My 10-year old stayed home from school yesterday.  His asthma was acting up and I didn’t feel 100% confident that he wouldn’t have a severe asthma attack at school.  By the end of the day, I was seriously wishing I’d sent him to school.  My patience was at an end.

Late in the afternoon, I took him grocery shopping with me.  Yes, I know…sick kids should be at home; but he wasn’t sick so much as I needed to monitor his asthma.  It had been a long day and he was doing everything he could to aggravate me.  I’d had enough.

“Braden,” I told him.  “I’ve had enough.  When we get home, you to go straight into the house and go sit in the garbage.”

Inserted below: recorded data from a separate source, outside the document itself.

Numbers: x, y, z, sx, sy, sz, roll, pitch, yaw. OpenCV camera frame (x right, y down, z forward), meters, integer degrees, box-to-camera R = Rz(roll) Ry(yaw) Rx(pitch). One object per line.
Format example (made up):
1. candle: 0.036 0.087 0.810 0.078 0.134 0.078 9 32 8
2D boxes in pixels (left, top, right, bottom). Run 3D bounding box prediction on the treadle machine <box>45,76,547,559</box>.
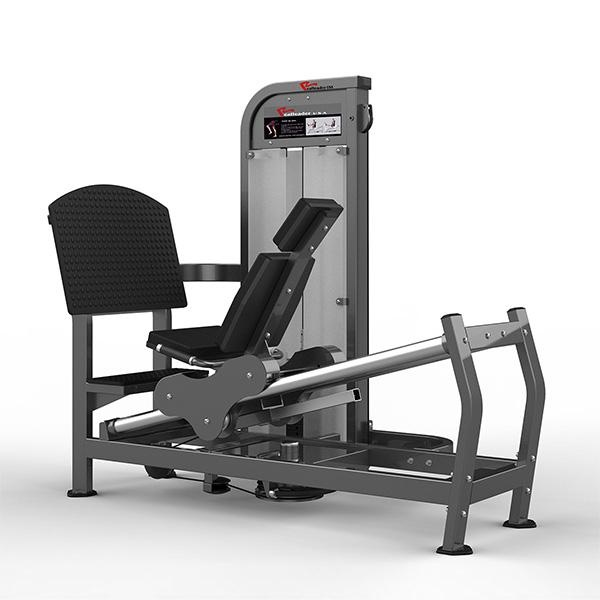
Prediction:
1. treadle machine: 0.101 -0.053 4.264 3.004 2.360 1.933 1 1 28

Garbage?  I didn’t recognize my error right away.  What I meant to say was to go sit in the bathroom, which is our standard time-out spot. (Note to parents:  When the kids REALLY misbehave, I send them to sit in the bathroom and then hand them cleaning supplies and they can’t come out until the bathroom sparkles.  When my daughter was about age 13 or 14, the bathroom got a daily thorough cleaning).  In any case, in my exhaustion from dealing with his behavior throughout the day, I mistakenly told Braden to go sit in the garbage instead of the bathroom.

Braden was clearly confused, but saw my directive as a sign that Mom was really mad this time.

“Okay,” he said sincerely.  “Which one?”

I’m even more irritated now.  “What do you mean which one?  The same one you always sit in.  The one on the main floor!”

“But there are about three on the main floor,” he responds.

Though I’m confused, I reflect back over what I’ve said and realize my error.  Now I’m giggling and can’t stop.  I’m not sure which is more bizarre; the fact that I said garbage, or the fact that he thought I was serious.  I’ve never had my kids sit in the garbage!  Ick!

Funniest part of the whole story?  Braden later revealed that his first though wasn’t, “Gross…I have to sit in the garbage!”  Rather it was, “Thank goodness Mom made me take the garbage out before we left and put a new bag in!”

I’m still not sure what this says about me as a parent…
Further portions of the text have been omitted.